Observe na imagem acima que não está sendo representado o fluxo de sequência de atividades entre as tarefas “Solicitar Cotação de Passagem ou Hotel” e “Avaliar Cotações Recebidas”. O autor tentou representar de forma implícita que a sequência das atividades seguirá ordem representada através do fluxo de mensagens nestas duas atividades. Este entendimento implícito não é válido para a modelagem de um processo aderente à especificação BPMN.

Por quê? Porquê nem sempre o fluxo de atividades de um processo segue o fluxo de mensagens. Além disso, a representação da troca de mensagens de um processo não precisa ser explícita (não é obrigatória) em um diagrama de processo, enquanto o fluxo das atividades é obrigatório sempre que houver dependência entre elas. Portanto, a modelagem correta para o caso apresentado acima é esta:

BPMN - solucao fluxo de sequencia - material de treinamento da iProcess - direitos reservados

Agora sim! A sequência das atividades no processo está sendo representada de forma íntegra. Se o fluxo das mensagens fosse removido (não fosse exibido), ainda assim o diagrama do processo estaria correto.
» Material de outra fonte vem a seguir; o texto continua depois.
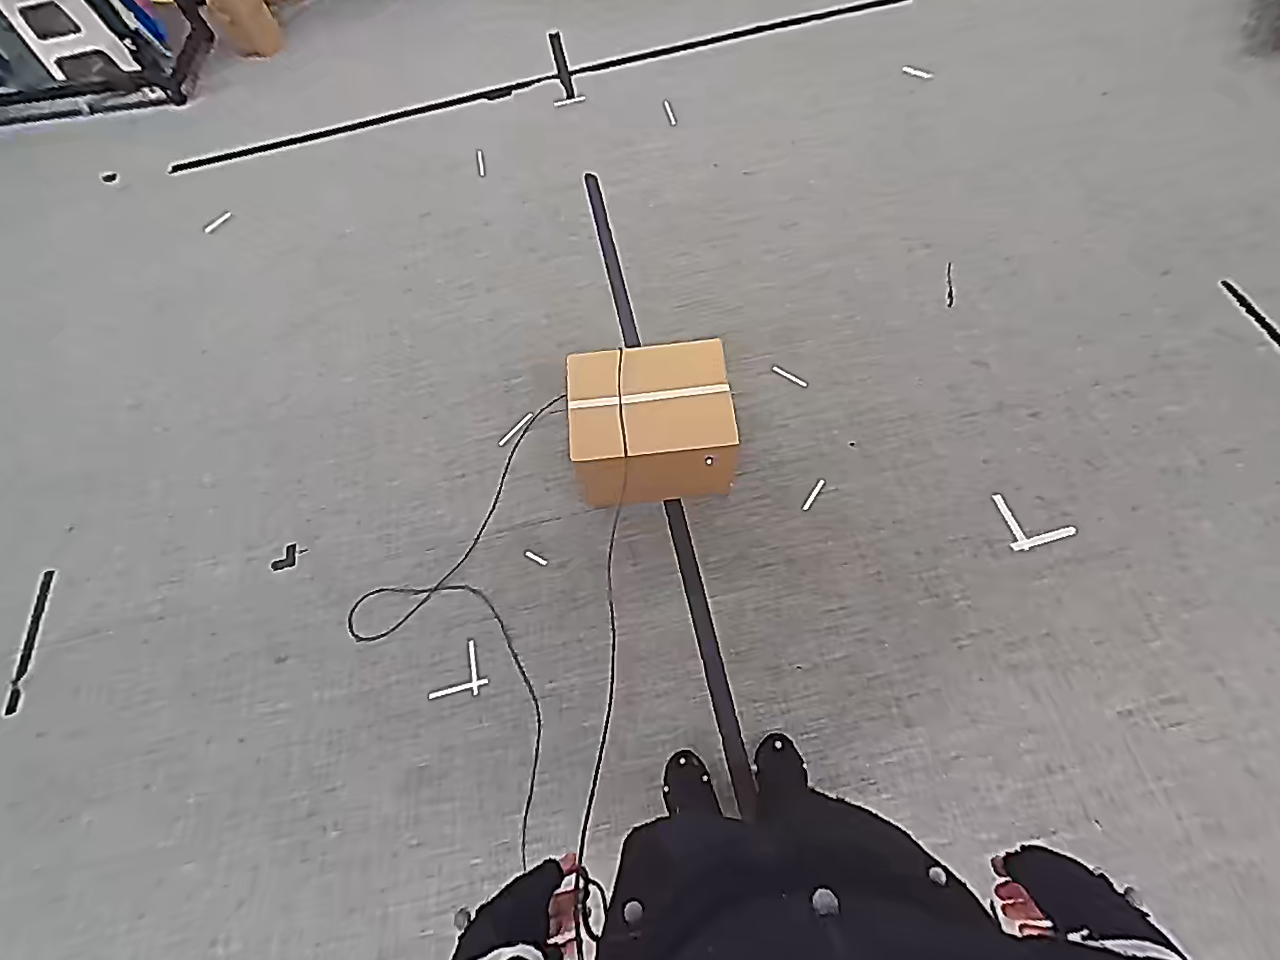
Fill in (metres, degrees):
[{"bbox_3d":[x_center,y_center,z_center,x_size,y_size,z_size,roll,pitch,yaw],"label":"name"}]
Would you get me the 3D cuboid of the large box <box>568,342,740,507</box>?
[{"bbox_3d":[0.037,-0.136,1.470,0.408,0.320,0.320,-6,66,2],"label":"large box"}]

Os trechos de definições abaixo reforçam o entendimento semântico envolvido na utilização destes dois tipos de conectores (extraídas da Especificação BPMN 2.0, tradução livre desta autora):

  • Sequence Flow: Sequence Flow é usado para demonstrar a ordem em que as Atividades serão executadas em um Processo.” (p. 29)
  • “Se uma Atividade não possui Sequence Flows de entrada, a Atividade será instanciada quando o Processo ou Subprocesso que a contiver for instanciado.” (p.427)
  • “Se uma Atividade não possui Sequence Flows de saída, a Atividade será terminada sem produzir nenhum token e a semântica de término para o contenedor [Processo/Subprocesso] é aplicado” (p.427)
  • Message Flow: Message Flow é usado para mostrar o fluxo de Mensagens entre dois Participantes que estão preparados para recebê-las e enviá-las [representados através de Pools].” (p. 29)
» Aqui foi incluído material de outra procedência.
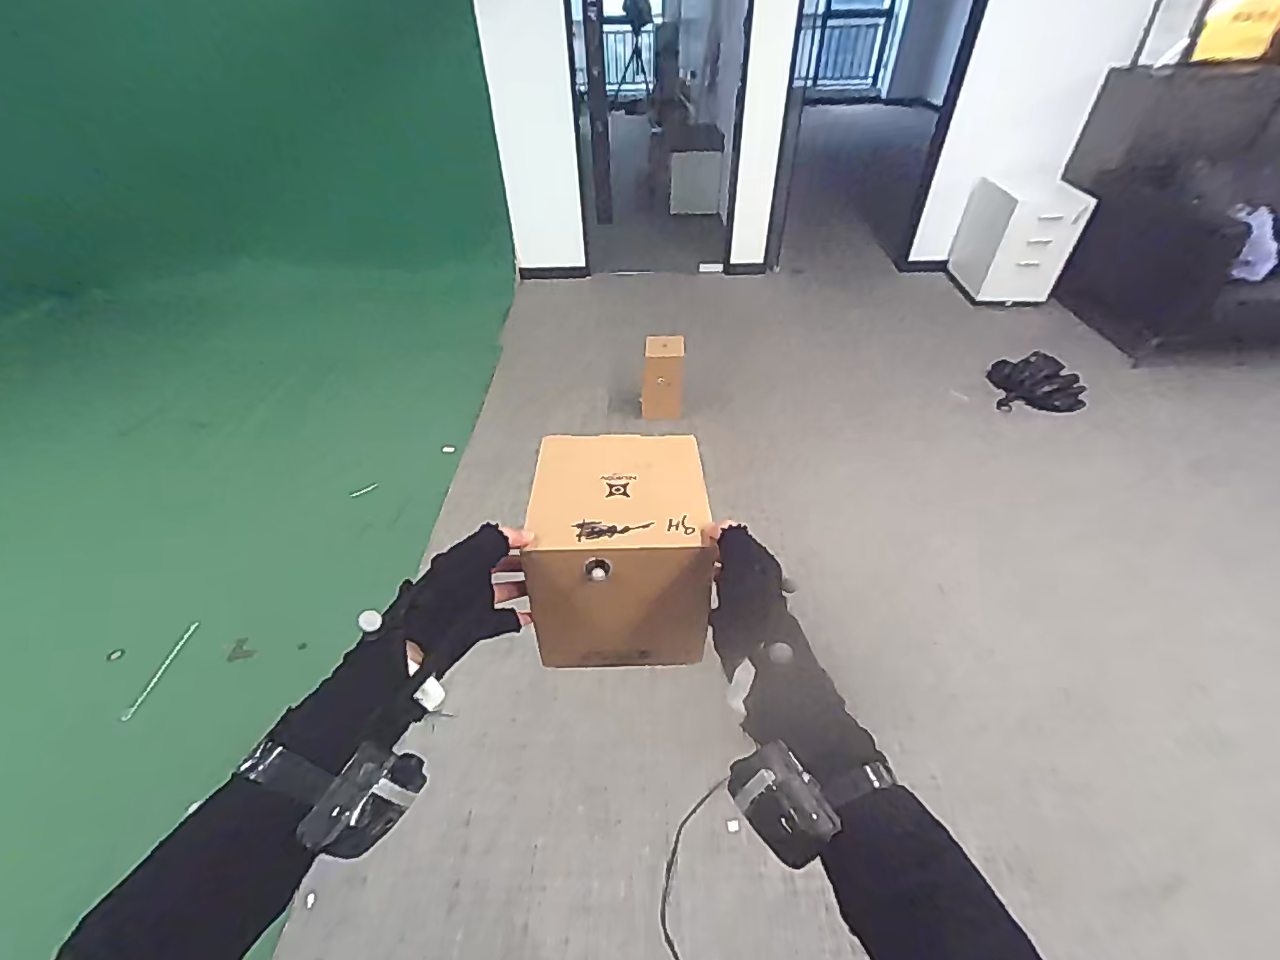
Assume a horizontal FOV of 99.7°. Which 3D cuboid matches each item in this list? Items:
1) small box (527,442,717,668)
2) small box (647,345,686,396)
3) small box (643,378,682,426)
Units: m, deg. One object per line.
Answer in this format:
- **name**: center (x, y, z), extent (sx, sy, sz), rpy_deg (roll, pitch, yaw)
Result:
- **small box**: center (-0.016, 0.074, 0.572), extent (0.168, 0.176, 0.179), rpy_deg (-1, 36, -1)
- **small box**: center (0.117, -0.488, 2.410), extent (0.168, 0.176, 0.179), rpy_deg (-1, 42, 3)
- **small box**: center (0.106, -0.362, 2.511), extent (0.179, 0.176, 0.168), rpy_deg (0, 41, 3)

A especificação BPMN 2.0 vai mais além quando realiza uma distinção destes fluxos em diagramas distintos: o de Processo, ou Orquestração (que representa a sequência das atividades do processo de negócio) e os de Colaboração e Conversação (que representam exclusivamente a comunicação entre processos de negócio e outros participantes externos).
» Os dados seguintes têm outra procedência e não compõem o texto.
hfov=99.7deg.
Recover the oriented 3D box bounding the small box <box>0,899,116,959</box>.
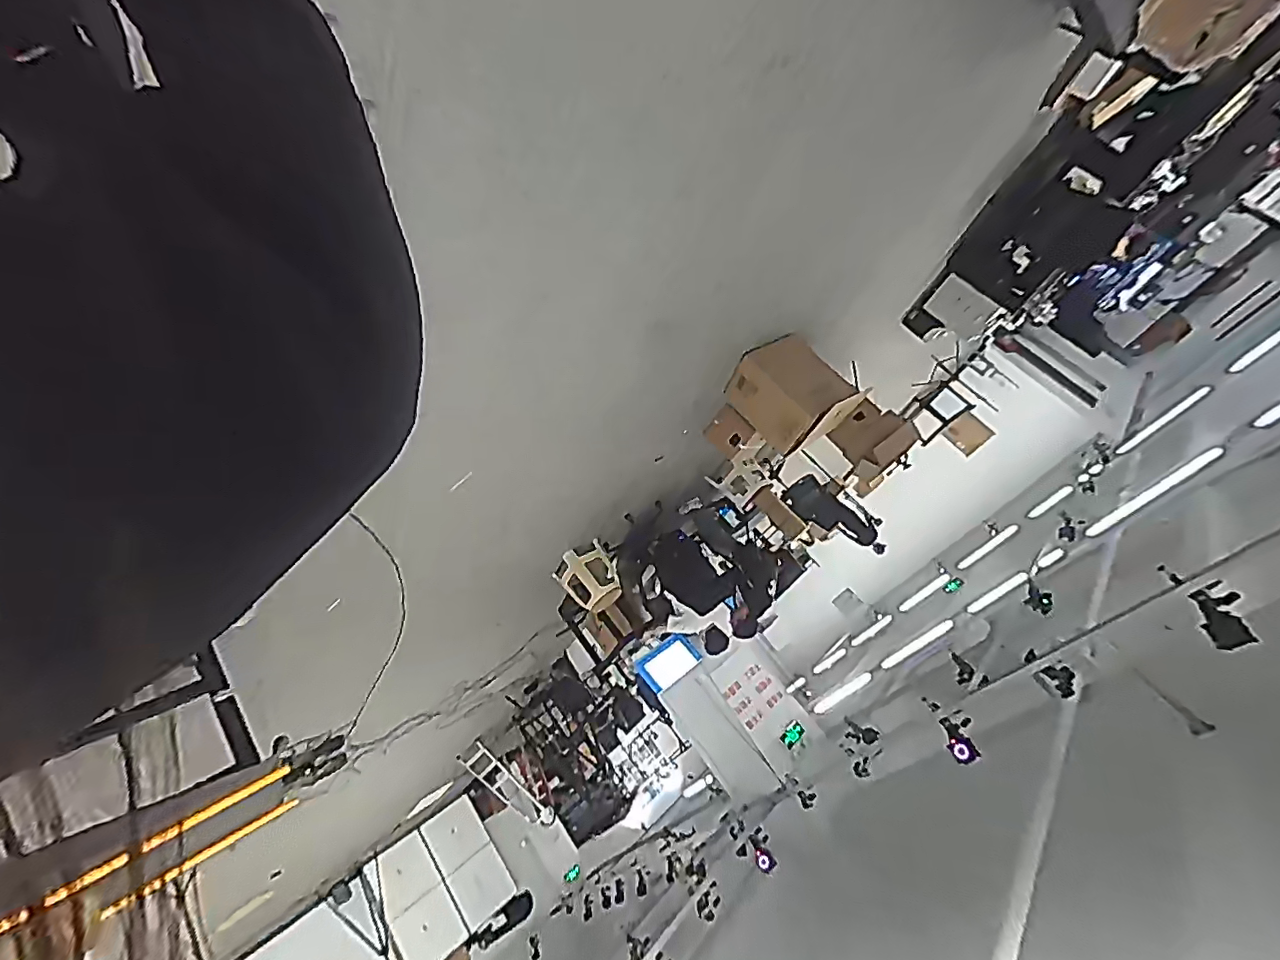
[{"bbox_3d":[-1.562,1.275,1.454,0.168,0.176,0.179,-24,154,-41],"label":"small box"}]

Apenas para reforçar a diferença semântica existente entre estes dois elementos de BPMN, veja um outro exemplo em que o fluxo de atividades não poderia ser representado pelo fluxo de mensagens:

BPMN - exemplo de processo de tele-entrega de pizzaria

Exemplo de processo de tele-entrega de pizza (traduzido livremente do modelo "5.2 The Pizza Collaboration" em «1» BPMN 2.0 by Example).

Observe no exemplo acima como não seria possível garantir a compreensão do fluxo de atividades do processo se elas fossem representadas apenas pelos fluxos de mensagem. Além disso, note como os fluxos de cada um dos processos (do cliente e da pizzaria) são independentes um do outro: cada um tem seu evento de início, sua própria sequência de atividades e seu evento de término. É possível ler o flluxo do processo do cliente sem conhecer o processo da pizzaria, assim como é possível ler o fluxo do processo da pizzaria sem conhecer o processo do cliente. Essa independência é fundamental para uma diagramação de processos correta, e este tipo de leitura é um excelente exercício na hora de elaborar seus próprios modelos de processos.

Portanto, ao desenvolver seu modelo, lembre-se de garantir que o fluxo de atividades esteja íntegro. Onde houver dependência de execução entre as atividades do processo, a mesma deve ser representada usando o conector de sequence flow.